Triumph Bonneville T120は1959年に登場した、英国バイクの永遠の象徴。その名はユタ州のボンネビル・ソルトフラッツにちなんでおり、1956年にジョニー・アレンが214mphの速度記録を樹立したことへのオマージュ。並列2気筒の美しいエンジンサウンドと洗練されたデザインは、スティーブ・マックイーンをはじめ世界中のライダーを魅了した。
1959年のマン島TT直前、Triumphのエンジニアはスピードを求める声に応えてキャブレターを2基に増やした特別モデルを急骤製作。これがT120 Bonnevilleの原点。同年のレースで見事な成績を収めた。
スティーブ・マックイーン、クリント・イーストウッド、そしてエルヴィス・プレスリーも愛したというBonneville。

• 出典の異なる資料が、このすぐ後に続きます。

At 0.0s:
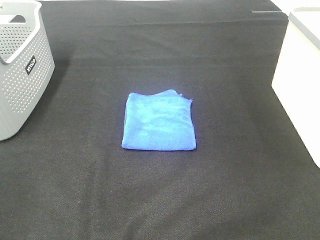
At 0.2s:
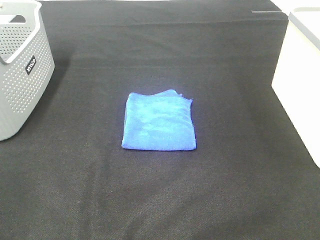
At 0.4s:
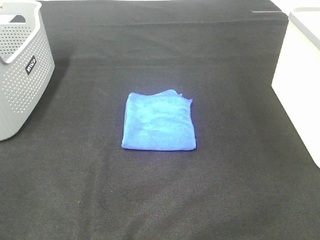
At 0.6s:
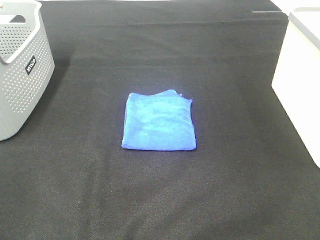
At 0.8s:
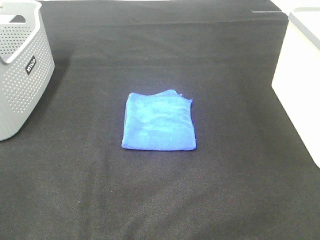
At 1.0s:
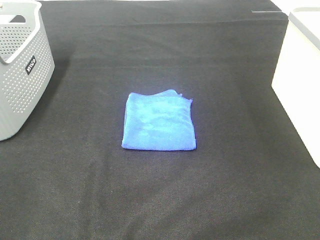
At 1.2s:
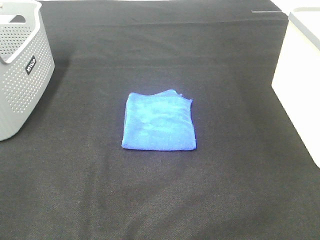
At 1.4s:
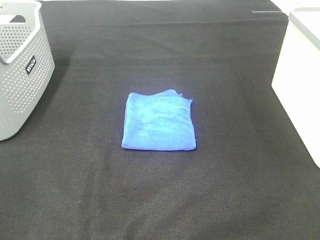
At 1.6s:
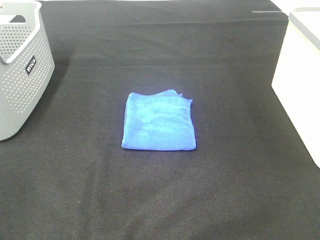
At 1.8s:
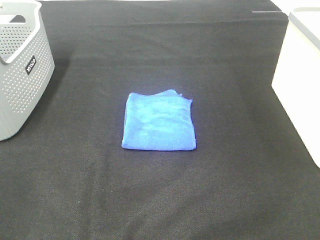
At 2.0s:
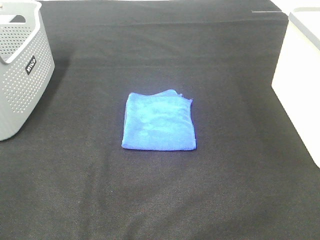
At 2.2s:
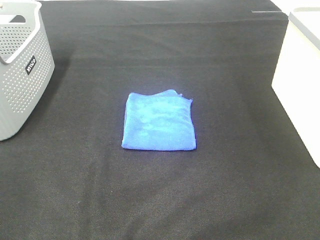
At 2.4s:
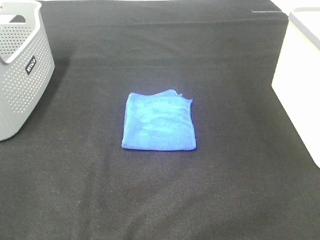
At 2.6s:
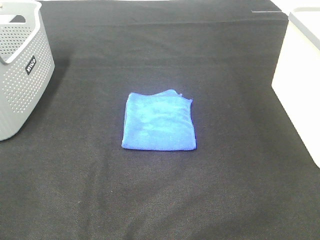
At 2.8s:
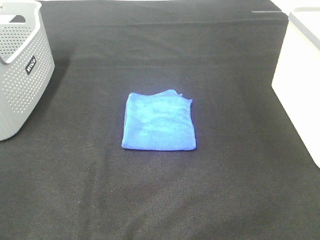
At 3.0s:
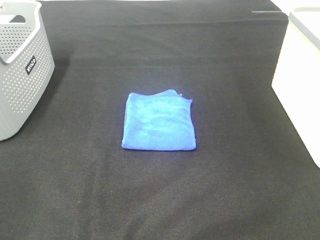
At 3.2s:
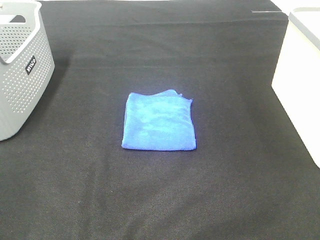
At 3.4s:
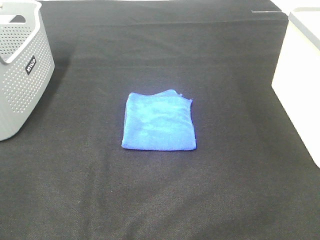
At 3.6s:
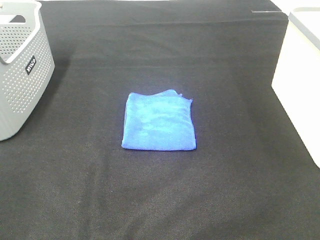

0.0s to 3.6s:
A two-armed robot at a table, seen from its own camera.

特に映画「大脱走」でマックイーンが演じた脱走シーンは映画史に残る名場面となった。
1969年には649ccから724ccに拡大。この時期が多くのファンが「黄金期のボンネビル」と称する時代。海外市場では特に北米での人気が高く、「英国の良心的なバイク」として熱狂的なファンを持った。
現代のBonneville(2001年リバイバル以降)も同じ名前を冠しているが、旧車ファンにとっての「本物のボンネビル」は1970年代前半までのモデル。70年代製の個体は今も世界中の旧車ショーで最も注目される一台。
マン島TT、デイトナ200マイル、各国のエンデュランスレースで活躍。1971年のProductionレースでも優勝を重ね、英国バイクの名誉を守り続けた。
1969〜1972年の英国仕様「ジュビリー」前後の個体が市場で特に高評価。日本への輸出モデルと英国・北米仕様でスペックが異なるため、個体の来歴確認が重要。
クラシックカテゴリの伝説モデル
Historical Context
ロックンロールが世界を席巻し、若者文化の革命が始まった1950〜60年代。スティーブ・マックイーン、エルヴィス・プレスリーが象徴する「クールな男」の時代。英国は戦後復興を遂げながら、植民地の独立という変容を経験していた。「スウィンギング・ロンドン」の時代が始まろうとしていた。
英国車全盛時代の頂点と終焉を同時に生きたモデル。Triumph、Norton、BSAがバイク市場を支配していた最後の黄金期。しかし1969年のHonda CB750 Fourの登場が、英国バイク時代の終わりを告げるカウントダウンを始めた。
1963年公開の映画「大脱走」でスティーブ・マックイーンが演じた脱走シーンは映画史の宝。Bonnevilleはバイクという機械を「男のロマン」に昇華させた最初のマシンの一つ。現代でもオールドバイクの文脈で「英国らしさ」の象徴として語られる。